--- What you need to do ---
Copy out the lines of the records below, and only those lines, from the one with "doc.units = ezdxf.units.M" through the one with "msp = doc.modelspace()", exactly as they appear.

--- Supplied information ---
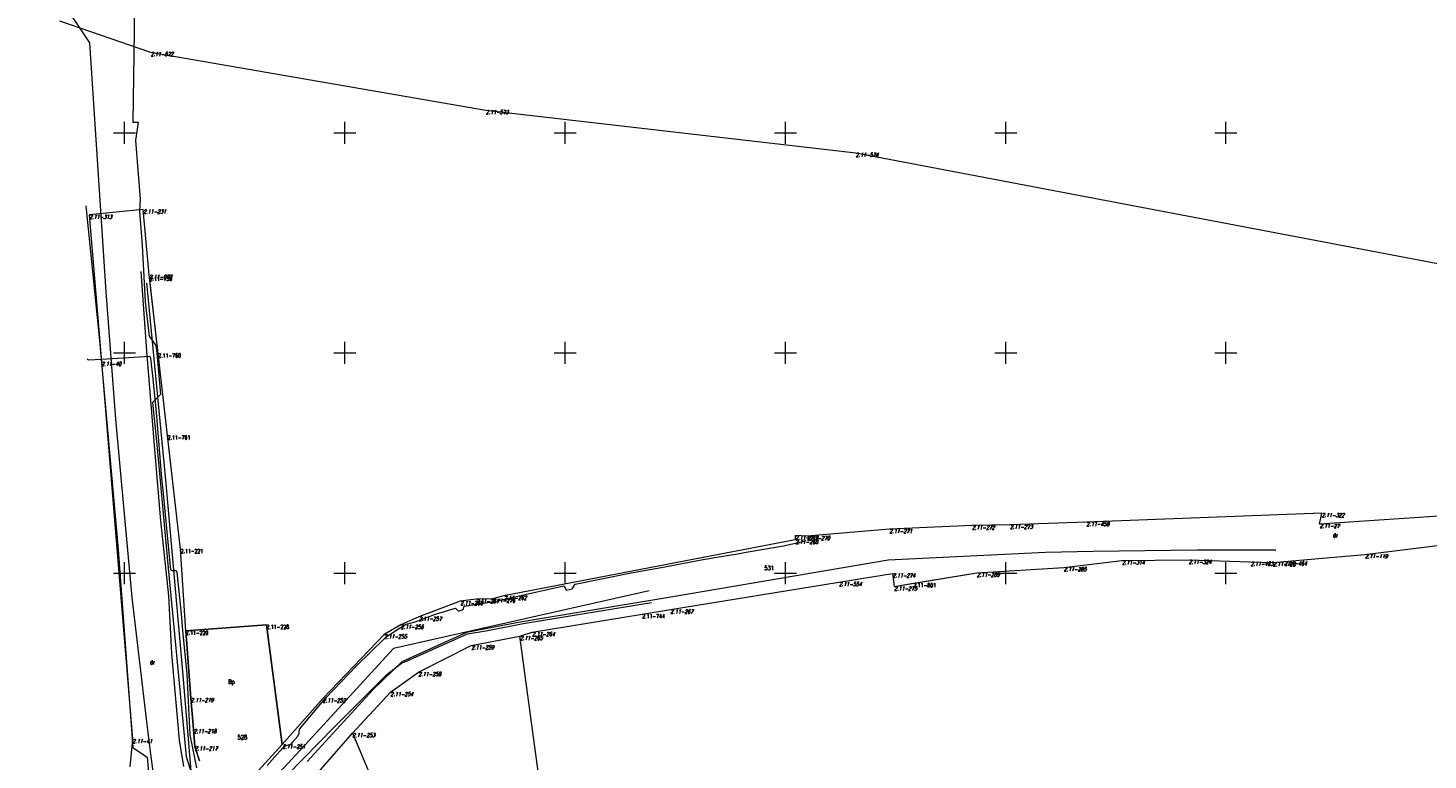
# Model space of a CAD drawing. Header units: metres. Extents: x 7582703 to 7587334, y 6019078 to 6022350.
# Tile 61 of 88: x 7584528 to 7584846, y 6021158 to 6021324. Entities that reach past the tile are written whole.
import ezdxf
from ezdxf.enums import TextEntityAlignment as Align

# ---------------------------------------------------------------- set-up
doc = ezdxf.new("R2010")
doc.units = ezdxf.units.M
doc.header["$MEASUREMENT"] = 0
doc.linetypes.add('EGDE', pattern=[0])
doc.layers.add('Dzialki', color=7, linetype='EGDE', lineweight=60)
doc.styles.get("Standard").update_dxf_attribs({"font": 'Simplex.SHX', "width": 0.75})

msp = doc.modelspace()

# ---------------------------------------------------------------- linework, layer by layer
at = {"layer": 'Dzialki', "lineweight": 9}
for p, q in [((7584552.48, 6021352.06), (7584552.17, 6021323.06)), ((7584542.14, 6021320.4), (7584528.07, 6021341.49)), ((7584535.23, 6021325.4), (7584555.9, 6021318.3)), ((7584535.23, 6021325.4), (7584555.9, 6021318.3)), ((7584545.81, 6021263.9), (7584542.14, 6021320.4)), ((7584552.17, 6021323.06), (7584551.85, 6021302.37)), ((7584555.9, 6021318.3), (7584631.99, 6021305.14)), ((7584555.9, 6021318.3), (7584631.99, 6021305.14)), ((7584631.99, 6021305.14), (7584715.97, 6021295.43)), ((7584631.99, 6021305.14), (7584715.97, 6021295.43)), ((7584550, 6021297.5), (7584550, 6021302.5)), ((7584551.85, 6021302.37), (7584553.11, 6021302.36)), ((7584553.11, 6021302.36), (7584552.5, 6021298.2)), ((7584600, 6021297.5), (7584600, 6021302.5)), ((7584650, 6021297.5), (7584650, 6021302.5)), ((7584700, 6021297.5), (7584700, 6021302.5)), ((7584750, 6021297.5), (7584750, 6021302.5)), ((7584800, 6021297.5), (7584800, 6021302.5)), ((7584547.5, 6021300), (7584552.5, 6021300)), ((7584552.5, 6021298.2), (7584553.54, 6021284.93)), ((7584597.5, 6021300), (7584602.5, 6021300)), ((7584647.5, 6021300), (7584652.5, 6021300)), ((7584697.5, 6021300), (7584702.5, 6021300)), ((7584747.5, 6021300), (7584752.5, 6021300)), ((7584797.5, 6021300), (7584802.5, 6021300)), ((7584715.97, 6021295.43), (7584904.43, 6021259.54)), ((7584715.97, 6021295.43), (7584904.43, 6021259.54)), ((7584541.18, 6021283.41), (7584544.31, 6021252.8)), ((7584554.23, 6021282.53), (7584541.99, 6021281.33)), ((7584554.23, 6021282.53), (7584541.99, 6021281.33)), ((7584553.54, 6021284.93), (7584553.39, 6021282.15)), ((7584553.39, 6021282.15), (7584553.97, 6021274.38)), ((7584555.6, 6021267.7), (7584554.23, 6021282.53)), ((7584555.6, 6021267.7), (7584554.23, 6021282.53)), ((7584541.99, 6021281.33), (7584544.74, 6021247.95)), ((7584541.99, 6021281.33), (7584544.74, 6021247.95)), ((7584553.97, 6021274.38), (7584554.63, 6021261.63)), ((7584555.08, 6021250.42), (7584553.77, 6021268.47)), ((7584555.65, 6021267.26), (7584555.6, 6021267.7)), ((7584562.71, 6021205.46), (7584555.6, 6021267.7)), ((7584557.64, 6021249.87), (7584555.65, 6021267.26)), ((7584547.98, 6021234.96), (7584545.81, 6021263.9)), ((7584559.34, 6021221.16), (7584555.07, 6021265.9)), ((7584554.63, 6021261.63), (7584555.56, 6021253.81)), ((7584555.56, 6021253.81), (7584557.09, 6021251.7)), ((7584544.31, 6021252.8), (7584548.56, 6021205.38)), ((7584550, 6021247.5), (7584550, 6021252.5)), ((7584557.02, 6021226.26), (7584555.08, 6021250.42)), ((7584557.09, 6021251.7), (7584557.3, 6021250.04)), ((7584600, 6021247.5), (7584600, 6021252.5)), ((7584650, 6021247.5), (7584650, 6021252.5)), ((7584700, 6021247.5), (7584700, 6021252.5)), ((7584750, 6021247.5), (7584750, 6021252.5)), ((7584800, 6021247.5), (7584800, 6021252.5)), ((7584541.51, 6021248.68), (7584541.71, 6021248.44)), ((7584541.71, 6021248.44), (7584544.84, 6021248.6)), ((7584544.74, 6021247.95), (7584551.77, 6021162.3)), ((7584544.74, 6021247.95), (7584551.77, 6021162.3)), ((7584544.84, 6021248.6), (7584555.72, 6021249.27)), ((7584547.5, 6021250), (7584552.5, 6021250)), ((7584555.72, 6021249.27), (7584555.84, 6021248.82)), ((7584555.84, 6021248.82), (7584556.31, 6021244.83)), ((7584557.3, 6021250.04), (7584558.17, 6021240.53)), ((7584559.77, 6021231.24), (7584557.64, 6021249.87)), ((7584597.5, 6021250), (7584602.5, 6021250)), ((7584647.5, 6021250), (7584652.5, 6021250)), ((7584697.5, 6021250), (7584702.5, 6021250)), ((7584747.5, 6021250), (7584752.5, 6021250)), ((7584797.5, 6021250), (7584802.5, 6021250)), ((7584556.31, 6021244.83), (7584557.13, 6021236.52)), ((7584558.17, 6021240.53), (7584556.36, 6021238.72)), ((7584556.36, 6021238.72), (7584557.28, 6021229.21)), ((7584551.7, 6021194.47), (7584547.98, 6021234.96)), ((7584557.13, 6021236.52), (7584558.41, 6021221.53)), ((7584562.71, 6021205.46), (7584559.77, 6021231.24)), ((7584557.28, 6021229.21), (7584559.73, 6021202.78)), ((7584558.24, 6021211.84), (7584557.02, 6021226.26)), ((7584558.41, 6021221.53), (7584558.63, 6021219.62)), ((7584558.63, 6021219.62), (7584560.45, 6021200.75)), ((7584563.18, 6021177.67), (7584559.34, 6021221.16)), ((7584821.73, 6021213.6), (7584768.34, 6021211.59)), ((7584821.73, 6021213.6), (7584768.34, 6021211.59)), ((7584873.15, 6021214.62), (7584821.27, 6021211.15)), ((7584873.15, 6021214.62), (7584821.27, 6021211.15)), ((7584821.27, 6021211.15), (7584821.73, 6021213.6)), ((7584821.27, 6021211.15), (7584821.73, 6021213.6)), ((7584560.01, 6021194.84), (7584558.24, 6021211.84)), ((7584723.61, 6021209.97), (7584704.95, 6021208.4)), ((7584723.61, 6021209.97), (7584704.95, 6021208.4)), ((7584742.36, 6021210.79), (7584723.61, 6021209.97)), ((7584742.36, 6021210.79), (7584723.61, 6021209.97)), ((7584750.96, 6021210.95), (7584742.36, 6021210.79)), ((7584750.96, 6021210.95), (7584742.36, 6021210.79)), ((7584768.34, 6021211.59), (7584750.96, 6021210.95)), ((7584768.34, 6021211.59), (7584750.96, 6021210.95)), ((7584702.25, 6021207.53), (7584636.11, 6021194.86)), ((7584702.25, 6021207.53), (7584636.11, 6021194.86)), ((7584691.12, 6021204.72), (7584699.54, 6021206.19)), ((7584699.54, 6021206.19), (7584703.93, 6021207.14)), ((7584704.95, 6021208.4), (7584702.24, 6021208.53)), ((7584702.24, 6021208.53), (7584702.25, 6021207.53)), ((7584704.95, 6021208.4), (7584702.24, 6021208.53)), ((7584702.24, 6021208.53), (7584702.25, 6021207.53)), ((7584703.93, 6021207.14), (7584704.43, 6021207.24)), ((7584831.56, 6021204.26), (7584863.12, 6021208.18)), ((7584831.56, 6021204.26), (7584851.09, 6021206.68)), ((7584548.56, 6021205.38), (7584551.87, 6021160.4)), ((7584550, 6021197.5), (7584550, 6021202.5)), ((7584559.73, 6021202.78), (7584563.99, 6021158.33)), ((7584563.87, 6021186.89), (7584562.71, 6021205.46)), ((7584563.87, 6021186.89), (7584562.71, 6021205.46)), ((7584600, 6021197.5), (7584600, 6021202.5)), ((7584650, 6021197.5), (7584650, 6021202.5)), ((7584672.65, 6021201.45), (7584680.46, 6021202.96)), ((7584723.3, 6021202.94), (7584674.48, 6021194.63)), ((7584680.46, 6021202.96), (7584683.54, 6021203.48)), ((7584683.54, 6021203.48), (7584689.6, 6021204.46)), ((7584689.6, 6021204.46), (7584691.12, 6021204.72)), ((7584700, 6021197.5), (7584700, 6021202.5)), ((7584759.06, 6021204.65), (7584723.3, 6021202.94)), ((7584750, 6021197.5), (7584750, 6021202.5)), ((7584769.86, 6021204.87), (7584759.06, 6021204.65)), ((7584763.18, 6021201.31), (7584776.4, 6021202.86)), ((7584763.18, 6021201.31), (7584776.4, 6021202.86)), ((7584793.38, 6021205.21), (7584769.86, 6021204.87)), ((7584776.4, 6021202.86), (7584791.54, 6021202.98)), ((7584776.4, 6021202.86), (7584791.54, 6021202.98)), ((7584791.54, 6021202.98), (7584805.6, 6021202.58)), ((7584791.54, 6021202.98), (7584805.6, 6021202.58)), ((7584811.35, 6021205.2), (7584793.38, 6021205.21)), ((7584800, 6021197.5), (7584800, 6021202.5)), ((7584805.6, 6021202.58), (7584810.65, 6021202.44)), ((7584805.6, 6021202.58), (7584810.65, 6021202.44)), ((7584810.65, 6021202.44), (7584813.23, 6021202.66)), ((7584810.65, 6021202.44), (7584813.23, 6021202.66)), ((7584813.23, 6021202.66), (7584831.56, 6021204.26)), ((7584813.23, 6021202.66), (7584831.56, 6021204.26)), ((7584547.5, 6021200), (7584552.5, 6021200)), ((7584560.45, 6021200.75), (7584560.78, 6021200.63)), ((7584560.78, 6021200.63), (7584561.67, 6021200.56)), ((7584561.67, 6021200.56), (7584561.85, 6021200.19)), ((7584561.85, 6021200.19), (7584562.8, 6021190.75)), ((7584597.5, 6021200), (7584602.5, 6021200)), ((7584647.5, 6021200), (7584652.5, 6021200)), ((7584652.3, 6021197.52), (7584664.99, 6021200.03)), ((7584664.99, 6021200.03), (7584672.65, 6021201.45)), ((7584697.5, 6021200), (7584702.5, 6021200)), ((7584712.16, 6021197.94), (7584724.33, 6021199.93)), ((7584712.16, 6021197.94), (7584724.33, 6021199.93)), ((7584724.33, 6021199.93), (7584724.7, 6021196.95)), ((7584724.33, 6021199.93), (7584724.7, 6021196.95)), ((7584724.7, 6021196.95), (7584743.46, 6021200.09)), ((7584729.04, 6021197.68), (7584743.46, 6021200.09)), ((7584743.46, 6021200.09), (7584763.18, 6021201.31)), ((7584743.46, 6021200.09), (7584763.18, 6021201.31)), ((7584747.5, 6021200), (7584752.5, 6021200)), ((7584797.5, 6021200), (7584802.5, 6021200)), ((7584633.85, 6021193.54), (7584647.97, 6021196.72)), ((7584647.97, 6021196.72), (7584649.8, 6021197.08)), ((7584649.8, 6021197.08), (7584650.26, 6021196.14)), ((7584650.26, 6021196.14), (7584651.6, 6021196.45)), ((7584651.6, 6021196.45), (7584652.3, 6021197.52)), ((7584673.91, 6021191.71), (7584712.16, 6021197.94)), ((7584673.91, 6021191.71), (7584712.16, 6021197.94)), ((7584724.7, 6021196.95), (7584729.04, 6021197.68)), ((7584555.3, 6021164.34), (7584551.7, 6021194.47)), ((7584560.69, 6021181.78), (7584560.01, 6021194.84)), ((7584669.09, 6021196.01), (7584611, 6021182.88)), ((7584626.19, 6021193.65), (7584616.8, 6021190.1)), ((7584626.19, 6021193.65), (7584616.8, 6021190.1)), ((7584629.77, 6021194.1), (7584626.19, 6021193.65)), ((7584629.77, 6021194.1), (7584626.19, 6021193.65)), ((7584627.08, 6021192.51), (7584633.85, 6021193.54)), ((7584633.48, 6021194.19), (7584629.77, 6021194.1)), ((7584633.48, 6021194.19), (7584629.77, 6021194.1)), ((7584636.11, 6021194.86), (7584633.48, 6021194.19)), ((7584636.11, 6021194.86), (7584633.48, 6021194.19)), ((7584674.48, 6021194.63), (7584639.81, 6021188.89)), ((7584655.28, 6021190.96), (7584669.58, 6021193.36)), ((7584562.8, 6021190.75), (7584563.17, 6021186.95)), ((7584616.8, 6021190.1), (7584612.68, 6021188.23)), ((7584616.8, 6021190.1), (7584612.68, 6021188.23)), ((7584615.95, 6021188.95), (7584620.55, 6021190.66)), ((7584620.55, 6021190.66), (7584625.1, 6021192.02)), ((7584625.1, 6021192.02), (7584625.81, 6021191.39)), ((7584625.81, 6021191.39), (7584626.85, 6021191.71)), ((7584626.85, 6021191.71), (7584627.08, 6021192.51)), ((7584640.49, 6021188.58), (7584655.28, 6021190.96)), ((7584642.5, 6021186.61), (7584667.49, 6021190.67)), ((7584642.5, 6021186.61), (7584667.49, 6021190.67)), ((7584667.49, 6021190.67), (7584673.91, 6021191.71)), ((7584667.49, 6021190.67), (7584673.91, 6021191.71)), ((7584563.17, 6021186.95), (7584564.14, 6021177.08)), ((7584563.87, 6021186.89), (7584582.18, 6021188.23)), ((7584582.18, 6021188.23), (7584563.87, 6021186.89)), ((7584565.03, 6021171.62), (7584563.87, 6021186.89)), ((7584563.87, 6021186.89), (7584565.03, 6021171.62)), ((7584582.18, 6021188.23), (7584585.8, 6021161.05)), ((7584585.8, 6021161.05), (7584582.18, 6021188.23)), ((7584612.68, 6021188.23), (7584608.91, 6021186.07)), ((7584612.68, 6021188.23), (7584608.91, 6021186.07)), ((7584609.62, 6021185.67), (7584612.41, 6021187.52)), ((7584612.41, 6021187.52), (7584613.81, 6021188.38)), ((7584627.59, 6021186.53), (7584612.93, 6021179.86)), ((7584613.81, 6021188.38), (7584614.85, 6021188.67)), ((7584614.85, 6021188.67), (7584615.95, 6021188.95)), ((7584639.81, 6021188.89), (7584627.59, 6021186.53)), ((7584627.86, 6021186.19), (7584632.46, 6021186.99)), ((7584632.46, 6021186.99), (7584640.49, 6021188.58)), ((7584639.75, 6021185.7), (7584642.5, 6021186.61)), ((7584639.75, 6021185.7), (7584642.5, 6021186.61)), ((7584608.91, 6021186.07), (7584595, 6021171.55)), ((7584608.91, 6021186.07), (7584595, 6021171.55)), ((7584602.63, 6021178.92), (7584609, 6021185.15)), ((7584609, 6021185.15), (7584609.62, 6021185.67)), ((7584614.17, 6021180.06), (7584627.86, 6021186.19)), ((7584616.68, 6021177.53), (7584628.69, 6021183.58)), ((7584616.68, 6021177.53), (7584628.69, 6021183.58)), ((7584628.69, 6021183.58), (7584639.75, 6021185.7)), ((7584628.69, 6021183.58), (7584639.75, 6021185.7)), ((7584643.91, 6021154.96), (7584639.75, 6021185.7)), ((7584562.43, 6021162.09), (7584560.69, 6021181.78)), ((7584611, 6021182.88), (7584591.85, 6021161.95)), ((7584566.79, 6021134.97), (7584563.18, 6021177.67)), ((7584564.14, 6021177.08), (7584564.77, 6021163.29)), ((7584595.67, 6021171.7), (7584602.63, 6021178.92)), ((7584597.66, 6021165.12), (7584609.5, 6021177.01)), ((7584612.93, 6021179.86), (7584606.42, 6021173.61)), ((7584609.5, 6021177.01), (7584612.84, 6021179.58)), ((7584610.36, 6021172.96), (7584616.68, 6021177.53)), ((7584610.36, 6021172.96), (7584616.68, 6021177.53)), ((7584612.84, 6021179.58), (7584614.17, 6021180.06)), ((7584565.66, 6021164.53), (7584565.03, 6021171.62)), ((7584565.03, 6021171.62), (7584565.66, 6021164.53)), ((7584595, 6021171.55), (7584585.8, 6021161.05)), ((7584595, 6021171.55), (7584585.8, 6021161.05)), ((7584606.42, 6021173.61), (7584591.42, 6021157.2)), ((7584594.75, 6021170.62), (7584595.67, 6021171.7)), ((7584601.7, 6021163.64), (7584610.36, 6021172.96)), ((7584601.7, 6021163.64), (7584610.36, 6021172.96)), ((7584589.7, 6021164.55), (7584594.75, 6021170.62)), ((7584556.12, 6021157.75), (7584555.3, 6021164.34)), ((7584565.92, 6021160.64), (7584565.66, 6021164.53)), ((7584565.66, 6021164.53), (7584565.92, 6021160.64)), ((7584567.25, 6021134.16), (7584597.66, 6021165.12)), ((7584589.63, 6021163.67), (7584589.7, 6021164.55)), ((7584551.77, 6021162.3), (7584551.16, 6021155.99)), ((7584551.77, 6021162.3), (7584551.16, 6021155.99)), ((7584563.47, 6021156.06), (7584562.43, 6021162.09)), ((7584564.77, 6021163.29), (7584566.31, 6021155.81)), ((7584591.85, 6021161.95), (7584566.79, 6021134.97)), ((7584584.51, 6021143.97), (7584601.7, 6021163.64)), ((7584584.51, 6021143.97), (7584601.7, 6021163.64)), ((7584587, 6021160.93), (7584587.85, 6021161.2)), ((7584587.85, 6021161.2), (7584588.09, 6021161.6)), ((7584588.09, 6021161.6), (7584589.34, 6021162.96)), ((7584589.34, 6021162.96), (7584589.63, 6021163.67)), ((7584601.7, 6021163.64), (7584617.47, 6021126.47)), ((7584551.87, 6021160.4), (7584555.09, 6021158.24)), ((7584555.09, 6021158.24), (7584557.98, 6021126.5)), ((7584563.99, 6021158.33), (7584565.63, 6021153.07)), ((7584566.98, 6021157.36), (7584565.92, 6021160.64)), ((7584565.92, 6021160.64), (7584566.98, 6021157.36)), ((7584585.8, 6021161.05), (7584578.91, 6021153.55)), ((7584585.8, 6021161.05), (7584578.91, 6021153.55)), ((7584582.37, 6021156.3), (7584586.39, 6021160.84)), ((7584586.39, 6021160.84), (7584587, 6021160.93)), ((7584559.84, 6021129.19), (7584556.12, 6021157.75))]:
    msp.add_line(p, q, dxfattribs=at)

# ---------------------------------------------------------------- texts
at = {"layer": 'Dzialki', "lineweight": 9, "oblique": 15, "width": 0.7}
for s, p in [('2.11-572', (7584555.9, 6021318.3)), ('2.11-573', (7584631.99, 6021305.14)), ('2.11-574', (7584715.97, 6021295.43)), ('2.11-231', (7584554.23, 6021282.53)), ('2.11-313', (7584541.99, 6021281.33)), ('2.11-277', (7584555.6, 6021267.7)), ('2.11-40', (7584544.74, 6021247.95)), ('2.11-322', (7584821.73, 6021213.6)), ('2.11-271', (7584723.61, 6021209.97)), ('2.11-272', (7584742.36, 6021210.79)), ('2.11-273', (7584750.96, 6021210.95)), ('2.11-458', (7584768.34, 6021211.59)), ('2.11-27', (7584821.27, 6021211.15)), ('2.11-319', (7584702.24, 6021208.53)), ('2.11-268', (7584702.25, 6021207.53)), ('2.11-270', (7584704.95, 6021208.4)), ('2.11-314', (7584776.4, 6021202.86)), ('2.11-324', (7584791.54, 6021202.98)), ('2.11-463', (7584805.6, 6021202.58)), ('2.11-120', (7584810.65, 6021202.44)), ('2.11-464', (7584813.23, 6021202.66)), ('2.11-119', (7584831.56, 6021204.26)), ('2.11-274', (7584724.33, 6021199.93)), ('2.11-289', (7584743.46, 6021200.09)), ('2.11-285', (7584763.18, 6021201.31)), ('2.11-554', (7584712.16, 6021197.94)), ('2.11-275', (7584724.7, 6021196.95)), ('2.11-260', (7584626.19, 6021193.65)), ('2.11-261', (7584629.77, 6021194.1)), ('2.11-276', (7584633.48, 6021194.19)), ('2.11-262', (7584636.11, 6021194.86)), ('2.11-257', (7584616.8, 6021190.1)), ('2.11-267', (7584673.91, 6021191.71)), ('2.11-256', (7584612.68, 6021188.23)), ('2.11-264', (7584642.5, 6021186.61)), ('2.11-255', (7584608.91, 6021186.07)), ('2.11-259', (7584628.69, 6021183.58)), ('2.11-265', (7584639.75, 6021185.7)), ('2.11-258', (7584616.68, 6021177.53)), ('2.11-219', (7584565.03, 6021171.62)), ('2.11-252', (7584595, 6021171.55)), ('2.11-254', (7584610.36, 6021172.96)), ('2.11-218', (7584565.66, 6021164.53)), ('2.11-41', (7584551.77, 6021162.3)), ('2.11-253', (7584601.7, 6021163.64)), ('2.11-217', (7584565.92, 6021160.64)), ('2.11-251', (7584585.8, 6021161.05))]:
    msp.add_text(s, height=0.9, dxfattribs=at).set_placement(p, align=Align.TOP_LEFT)
at = {"layer": 'Dzialki', "lineweight": 9, "width": 0.7}
for s, height, p in [('2.11-759', 0.9, (7584555.65, 6021267.26)), ('2.11-760', 0.9, (7584557.64, 6021249.87)), ('2.11-761', 0.9, (7584559.77, 6021231.24)), ('dr', 1, (7584824.27, 6021209.08)), ('2.11-221', 0.9, (7584562.71, 6021205.46)), ('531', 1, (7584695.19, 6021201.66)), ('2.11-801', 0.9, (7584729.04, 6021197.68)), ('2.11-744', 0.9, (7584667.49, 6021190.67)), ('2.11-220', 0.9, (7584563.87, 6021186.89)), ('2.11-228', 0.9, (7584582.18, 6021188.23)), ('dr', 1, (7584555.73, 6021180.26)), ('Bp', 1, (7584573.51, 6021175.85)), ('528', 1, (7584575.63, 6021163.24))]:
    msp.add_text(s, height=height, dxfattribs=at).set_placement(p, align=Align.TOP_LEFT)

doc.saveas('drawing.dxf')

--- Written solution ---
doc.units = ezdxf.units.M
doc.header["$MEASUREMENT"] = 0
doc.linetypes.add('EGDE', pattern=[0])
doc.layers.add('Dzialki', color=7, linetype='EGDE', lineweight=60)
doc.styles.get("Standard").update_dxf_attribs({"font": 'Simplex.SHX', "width": 0.75})

msp = doc.modelspace()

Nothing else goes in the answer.